Knowing that, it’s more or less impossible to know anything that will happen more than 8 minutes in the future. But still it’s possible to put this particular 8 minutes information to good. There’s even apps for your smart phones that keep you up to date on what’s happening in the magnetic field and on the surface of the sun. For example if you get a reading in you phone that in 8 minutes there’s going to be a huge solar storm burst, you can even reposition your camera to a new motif. The higher the readings are, the more of the sky will usually be covered by the northern lights For example: there’s been low readings for the past 2-3 hours and you’ve been shooting some slowly moving northern lights in the north horizon and suddenly get a notification that in 8 minutes there will be a huge solar storm.
You will then even have time to change cards, reposition your frame so that it’s more covered by the sky and even fasten the shutter speed a bit.

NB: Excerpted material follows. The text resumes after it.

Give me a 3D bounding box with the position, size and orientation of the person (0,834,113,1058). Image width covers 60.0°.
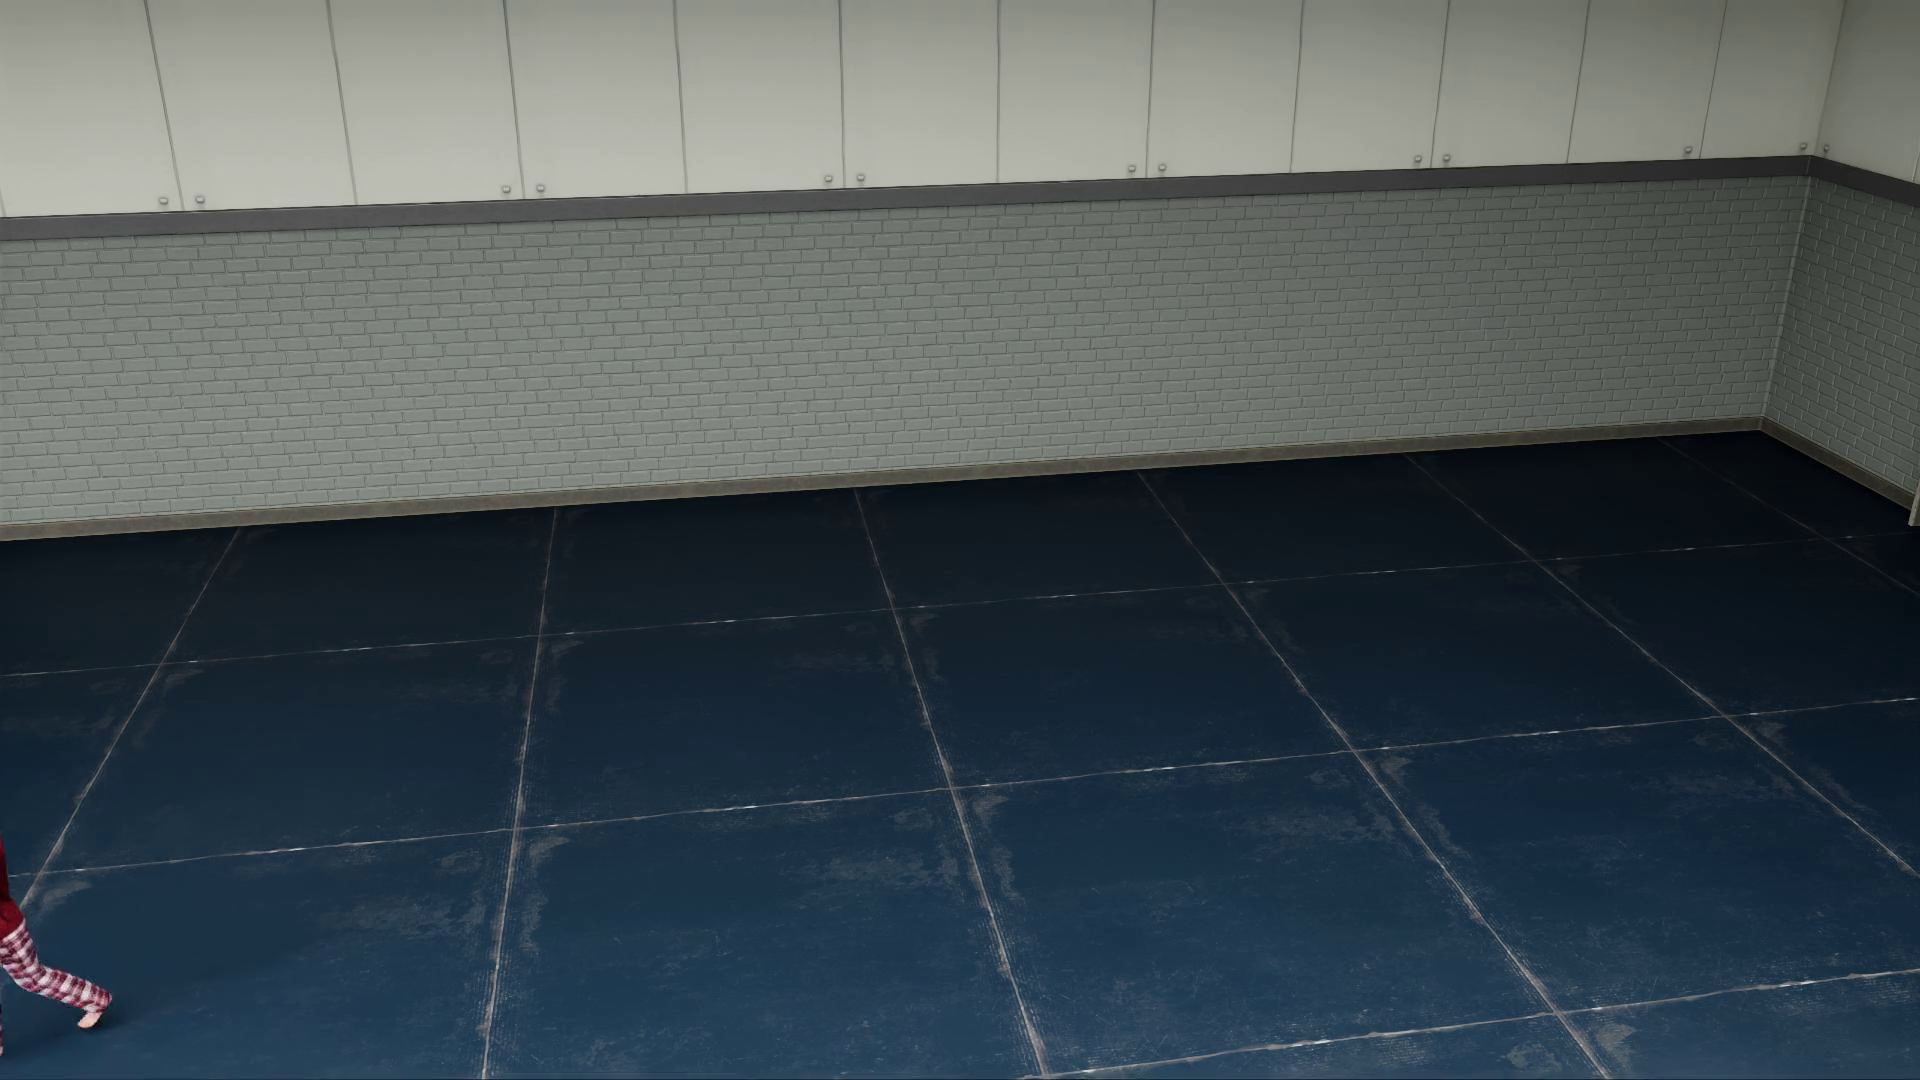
[{"bbox_3d":[-5.074,2.046,8.934,1.018,1.658,1.078,-19,29,-37],"label":"person"}]

This is a good thing to know and can be very useful if you’re lucky. BUT this is also a frustrating strategy with which you will easily get very disappointing results.
We shot overall around 4 nights with two cameras, but somehow we couldn’t avoid making the same mistake over and over again.
I’ll come back to that soon.

So to sum everything up. You can do a quite good setup before you see any northern lights by following the description in step one. In step two you have to adjust again, this time more precisely when the northern lights appear or by being very good at predicting how strong the lights might be.

That’s how you can take stills of northern lights. Sounds quite manageable, don’t you think? Just don’t think too much about the freezing coldness and that warm sauna waiting for you in the cabin.

Photo by Joosep Matjus
Northern lights in sunset

After we had gone through our plan and equipment we carried everything out on the icy lake. There were still some rays of light from the sunset while we were crawling through the belly high snow. Once we arrived at the first potential location we set up the cameras. It was still pretty light but you could already begin to see some stars in the east horizon.

While I rigged my camera, which was not that easy considering the amount of snow, I took a long exposure shot, about 10 seconds, just for fun to check out that everything worked as it should. The photo turned out almost overexposed, as anticipated, but to my surprise I could see northern lights in the LCD screen even though it was not possible to see them with the naked eye. This was a good discovery. Now we could already aim the cameras at the most certain direction and even frame it how we wanted.

We did our first short time lapses like that. They were short because of the first “mistake” we made. This is something very logical but hard to think about in all the excitement of being able to shoot your life’s first northern light timelapse. Because we started the time lapse before the sun had properly set, we messed up the exposure and just 10 minutes later everything was underexposed.

Let’s think about the technical details again. As mentioned earlier you need to get 25 frames to get one second of moving footage. We wanted to get around 750 frames per scenery which would be a 30 second video clip.
The problem we had, was that our lenses were not light sensitive enough. f4 on the Panasonic was not really enough and the f2,8 on the Canon was barely enough. The only way to not get too much noise was to lengthen the shutter speed. I think I had something around 15 seconds per frame and one second between the frames for the camera to have time to properly save the last frame. That means that every frame took 16 seconds to make. 16 seconds x 750 frames = is 12 000 seconds which equals 200 minutes which then means that producing a 30 seconds long video clip, you need around 3,5 hours of actual time.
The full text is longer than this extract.